Лида произнесла эти слова дрожащим голосом; она вся вспыхнула и хотела прервать разговор, но Мери взяла ее под руку.
— Э, нет, ma chere, — сказала она, — он не таков, чтоб предался страстно, это только манера внушать страсть в глупеньких; эти люди и не любят жениться на страстно влюбленных… на них нужны сети… Я не следую твоему правилу ненавидеть мужчин; но не предамся слепому чувству и скорее сама обману, чем позволю себя обмануть.
Лида не отвечала на слова Мери; негодование выразилось во всех ее чертах.
— Позволь, — сказала она. отняв руку, — я выйду из залы, чтоб меня не ангажировали, — я не хочу танцовать.
Лида отошла от Мери, удалилась в уборную, чтоб перевести дух от тягости мыслей, которые давили ее собою.
Когда она вошла опять, Мери танцевала уже с Лиманским. Живость и говорливость Мери оживляла его.
— О, боже мой! и никто не избавит его от этой змеи! — подумала Лида, уходя снова из залы.
Эта мысль преследовала ее, и Лида придумывала средство открыть глаза несчастному, по ее мнению, Лиманскому. Самым лучшим средством казалось ей сказать ему просто: вас обманывает Мери, берегитесь!
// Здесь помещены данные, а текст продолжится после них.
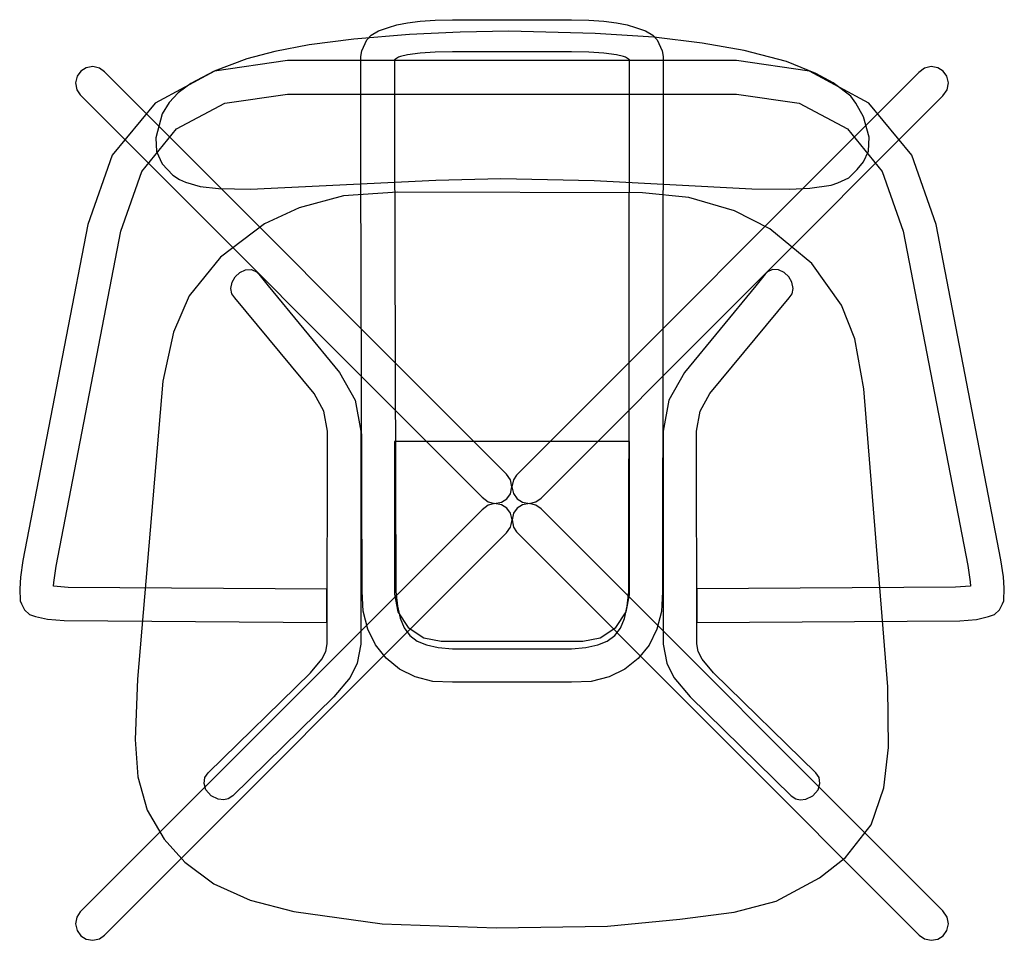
# Model space of a CAD drawing. Header units: inches. Extents: x -10.4 to 10.4, y -9.7 to 9.7.
import ezdxf

# ---------------------------------------------------------------- set-up
doc = ezdxf.new("R2010")
doc.units = ezdxf.units.IN
doc.layers.get('0').update_dxf_attribs({"true_color": 0xc2ced6})

msp = doc.modelspace()

# ---------------------------------------------------------------- linework, layer by layer
at = {"color": 18, "true_color": 0x000000}
for points in [[(-3.188, 6.517), (-3.187, 8.933), (-3.168, 9.048), (-3.062, 9.284), (-2.972, 9.384), (-2.818, 9.471), (-2.605, 9.545), (-2.431, 9.597), (-2.208, 9.645), (-1.938, 9.68), (-1.621, 9.701), (-1.258, 9.708), (1.258, 9.708), (1.621, 9.701), (1.938, 9.68), (2.208, 9.645), (2.431, 9.597), (2.605, 9.545), (2.818, 9.472), (2.972, 9.384), (3.062, 9.284), (3.168, 9.048), (3.187, 8.933), (3.175, -2.363), (3.154, -2.779), (3.058, -3.157), (2.893, -3.49), (2.665, -3.774), (2.381, -4), (2.048, -4.163), (1.672, -4.258), (1.259, -4.276), (-1.259, -4.276), (-1.671, -4.257), (-2.045, -4.162), (-2.376, -3.997), (-2.658, -3.769), (-2.883, -3.485), (-3.046, -3.152), (-3.141, -2.775), (-3.162, -2.362), (-3.188, 6.517)], [(-7.515, 7.212), (-7.501, 6.925), (-7.384, 6.667), (-7.16, 6.425), (-7.02, 6.333), (-6.894, 6.277), (-6.583, 6.189), (-6.195, 6.143), (-5.518, 6.129), (-1.611, 6.318), (-0.237, 6.355), (1.737, 6.313), (5.059, 6.139), (5.854, 6.131), (6.284, 6.15), (6.735, 6.214), (6.878, 6.268), (7.106, 6.373), (7.283, 6.544), (7.42, 6.71), (7.524, 6.934), (7.538, 7.227), (7.418, 7.66), (7.259, 7.944), (7.153, 8.092), (6.775, 8.374), (6.414, 8.574), (5.791, 8.824), (4.897, 9.058), (4.015, 9.211), (2.994, 9.338), (1.752, 9.419), (-0.07, 9.469), (-1.094, 9.444), (-2.165, 9.396), (-3.34, 9.294), (-4.278, 9.176), (-5.007, 9.034), (-5.597, 8.883), (-6.288, 8.623), (-6.777, 8.363), (-7.047, 8.161), (-7.237, 7.957), (-7.385, 7.723), (-7.515, 7.212)], [(-2.479, 7.31), (-2.452, -2.361), (-2.419, -2.672), (-2.362, -2.926), (-2.277, -3.13), (-2.158, -3.287), (-2.002, -3.405), (-1.803, -3.488), (-1.557, -3.542), (-1.259, -3.572), (1.259, -3.572), (1.561, -3.542), (1.81, -3.488), (2.011, -3.406), (2.169, -3.288), (2.289, -3.131), (2.376, -2.928), (2.433, -2.673), (2.466, -2.362), (2.478, 8.864), (2.393, 8.918), (2.355, 8.932), (2.208, 8.964), (1.938, 8.998), (1.621, 9.019), (1.258, 9.026), (-1.258, 9.026), (-1.621, 9.019), (-1.938, 8.998), (-2.208, 8.964), (-2.355, 8.932), (-2.393, 8.918), (-2.478, 8.864), (-2.479, 7.31)], [(-10.39, -2.303), (-10.378, -2.56), (-10.351, -2.621), (-10.289, -2.75), (-10.182, -2.844), (-10.057, -2.885), (-9.805, -2.947), (-9.453, -2.975), (-3.905, -3.012), (-3.905, -2.309), (-9.364, -2.275), (-9.678, -2.25), (-9.672, -2.167), (-9.622, -1.826), (-8.254, 5.248), (-7.811, 6.507), (-7.083, 7.404), (-6.061, 7.946), (-4.737, 8.139), (4.736, 8.139), (6.06, 7.946), (7.081, 7.404), (7.809, 6.507), (8.252, 5.248), (9.617, -1.813), (9.667, -2.159), (9.674, -2.244), (9.362, -2.269), (3.904, -2.307), (3.904, -3.012), (9.451, -2.976), (9.803, -2.948), (10.054, -2.885), (10.181, -2.843), (10.289, -2.748), (10.318, -2.69), (10.352, -2.618), (10.378, -2.559), (10.389, -2.292), (10.369, -2.052), (10.317, -1.695), (8.948, 5.383), (8.435, 6.85), (7.528, 7.944), (6.278, 8.623), (4.736, 8.846), (-4.737, 8.846), (-6.28, 8.624), (-7.53, 7.944), (-8.437, 6.85), (-8.949, 5.383), (-10.32, -1.709), (-10.37, -2.06), (-10.39, -2.303)], [(-9.183, 8.231), (-9.111, 8.119), (-0.633, -0.368), (-0.506, -0.466), (-0.366, -0.504), (-0.224, -0.476), (-0.112, -0.404), (-0.034, -0.298), (-0.001, -0.152), (-0.029, -0.004), (-0.113, 0.115), (-8.597, 8.607), (-8.705, 8.685), (-8.845, 8.718), (-8.986, 8.692), (-9.098, 8.62), (-9.176, 8.513), (-9.209, 8.372), (-9.183, 8.231)], [(-0.001, -0.152), (0.031, -0.292), (0.111, -0.404), (0.224, -0.476), (0.366, -0.504), (0.506, -0.466), (0.613, -0.388), (9.091, 8.098), (9.183, 8.231), (9.209, 8.372), (9.176, 8.513), (9.098, 8.62), (8.986, 8.692), (8.845, 8.718), (8.705, 8.685), (8.583, 8.593), (0.096, 0.097), (0.029, -0.004), (-0.001, -0.152)], [(-7.901, -4.207), (-7.95, -5.486), (-7.893, -6.274), (-7.701, -6.974), (-7.344, -7.585), (-6.907, -8.072), (-6.295, -8.53), (-5.524, -8.873), (-4.606, -9.114), (-2.738, -9.371), (-0.336, -9.457), (2.016, -9.422), (3.539, -9.278), (4.691, -9.124), (5.573, -8.895), (6.489, -8.4), (7.04, -7.976), (7.581, -7.285), (7.845, -6.501), (7.942, -5.651), (7.929, -4.372), (7.428, 1.915), (7.234, 2.97), (6.955, 3.68), (6.324, 4.561), (5.44, 5.292), (4.697, 5.677), (3.731, 5.955), (2.757, 6.052), (-2.418, 6.067), (-3.558, 5.987), (-4.495, 5.738), (-5.223, 5.4), (-6.152, 4.695), (-6.816, 3.883), (-7.141, 3.114), (-7.37, 2.078), (-7.901, -4.207)], [(-3.188, 1.021), (-3.191, -3.471), (-3.269, -3.874), (-3.415, -4.174), (-3.759, -4.582), (-5.893, -6.673), (-5.993, -6.736), (-6.08, -6.754), (-6.199, -6.744), (-6.348, -6.675), (-6.458, -6.547), (-6.495, -6.41), (-6.48, -6.288), (-6.412, -6.19), (-4.255, -4.077), (-4.013, -3.789), (-3.93, -3.628), (-3.899, -3.465), (-3.895, 1.027), (-3.973, 1.444), (-4.178, 1.818), (-5.846, 3.839), (-5.912, 3.923), (-5.935, 4.032), (-5.908, 4.17), (-5.841, 4.283), (-5.741, 4.373), (-5.623, 4.427), (-5.498, 4.433), (-5.393, 4.388), (-5.341, 4.335), (-5.145, 4.088), (-3.638, 2.261), (-3.312, 1.676), (-3.188, 1.021)], [(3.188, 1.021), (3.191, -3.471), (3.269, -3.874), (3.415, -4.174), (3.759, -4.582), (5.893, -6.673), (5.993, -6.736), (6.08, -6.754), (6.199, -6.744), (6.348, -6.675), (6.458, -6.547), (6.495, -6.41), (6.48, -6.288), (6.412, -6.19), (4.255, -4.077), (4.013, -3.789), (3.93, -3.628), (3.899, -3.465), (3.895, 1.027), (3.973, 1.444), (4.178, 1.818), (5.846, 3.839), (5.912, 3.923), (5.935, 4.032), (5.908, 4.17), (5.841, 4.283), (5.741, 4.373), (5.623, 4.427), (5.498, 4.433), (5.393, 4.388), (5.341, 4.335), (5.145, 4.088), (3.638, 2.261), (3.312, 1.676), (3.188, 1.021)], [(-2.481, -1.484), (-2.481, -2.418), (-2.411, -2.791), (-2.192, -3.121), (-1.859, -3.338), (-1.496, -3.406), (1.496, -3.406), (1.859, -3.338), (2.192, -3.121), (2.411, -2.791), (2.481, -2.432), (2.481, 0.807), (-2.481, 0.807), (-2.481, -1.484)], [(-9.209, -9.376), (-9.176, -9.516), (-9.098, -9.624), (-8.986, -9.696), (-8.845, -9.721), (-8.705, -9.689), (-8.597, -9.611), (-0.117, -1.121), (-0.029, -1), (-0.018, -0.946), (0, -0.85), (-0.034, -0.705), (-0.111, -0.6), (-0.224, -0.528), (-0.366, -0.504), (-0.506, -0.537), (-0.633, -0.636), (-9.111, -9.123), (-9.183, -9.235), (-9.209, -9.376)], [(0.029, -1), (0.096, -1.101), (8.596, -9.61), (8.705, -9.689), (8.845, -9.721), (8.986, -9.696), (9.098, -9.624), (9.176, -9.516), (9.209, -9.376), (9.183, -9.235), (9.091, -9.101), (0.613, -0.615), (0.506, -0.537), (0.366, -0.504), (0.224, -0.528), (0.112, -0.599), (0.034, -0.705), (0, -0.85), (0.029, -1)]]:
    msp.add_lwpolyline(points, close=True, dxfattribs=at)

doc.saveas('drawing.dxf')

Темная ночь налегла уже на Москву. В Охотном ряду замолкли мясники, птичники, огородники, барышники и торговки; лавки заперты, раскидные лавочки с деревянной посудой и скамейки с лотками прибраны; прибраны и клети с птицей дворовой, прибраны и клетки с птицей певчей: замолкли крылатые невольники, не перекрикивают друг друга, перепрыгивая с перекладинки на обручик, с обручика на ящичек с кормом, на баночку с содой. У всех головки прикурнули под крылышком; все они спят на одной ножке, спят и, может быть, видят сны, как люди. Во сне бог дает им волю и раздолье.
Но разнообразный шум дневной заменился стуком экипажей и со всех сторон криком: пади!
Ряд карет подъезжает и отъезжает от подъезда освещенного дома. Наружность его не обещает многого; что-то вроде двухэтажного дома в пять окон с подъемными окончиками, которые подставлялись в старину палочками; но это только портик того храма московских удовольствий, который чудным образом таится от взоров за зданиями, как будто стыдясь своей наружности.
Из одного экипажа, подъехавшего к собранию, вышло сперва довольно тяжелое существо в обыкновенном домино; а за ним легкая Сивилла.[70] Сквозь толпы ливрейных лакеев, зевающих и дремлющих на ногах или спящих на узлах, две маски поднялись на лестницу и вошли в залу, в которой и Юпитер Олимпийский не постыдился бы принимать своих поклонников.
Маскарад был в полном блеске; из числа двух тысяч посетителей было, по крайней мере, триста масок; то там, то сям пищали мистификатрисы; блондовые бородки их мотались, как у жидов в школе, когда они, не переводя духу, торопятся произнести имена Амана[71] и десяти его сынов.
Сивилла прошла несколько раз между толпами; прикоснулась волшебным жезликом к некоторым маскам, подала им билетики, разгадывающие будущность; прикоснулась жезликом и к князю Лиманскому, который ходил по зале задумчиво.
Почувствовав прикосновение, он оборотился к Сивилле и получил от нее также билетик; он не успел еще развернуть его, как она уже скрылась.
— Что тебе вышло, князь? — сказал Бржмитржицкий, подскочив к Лиманскому.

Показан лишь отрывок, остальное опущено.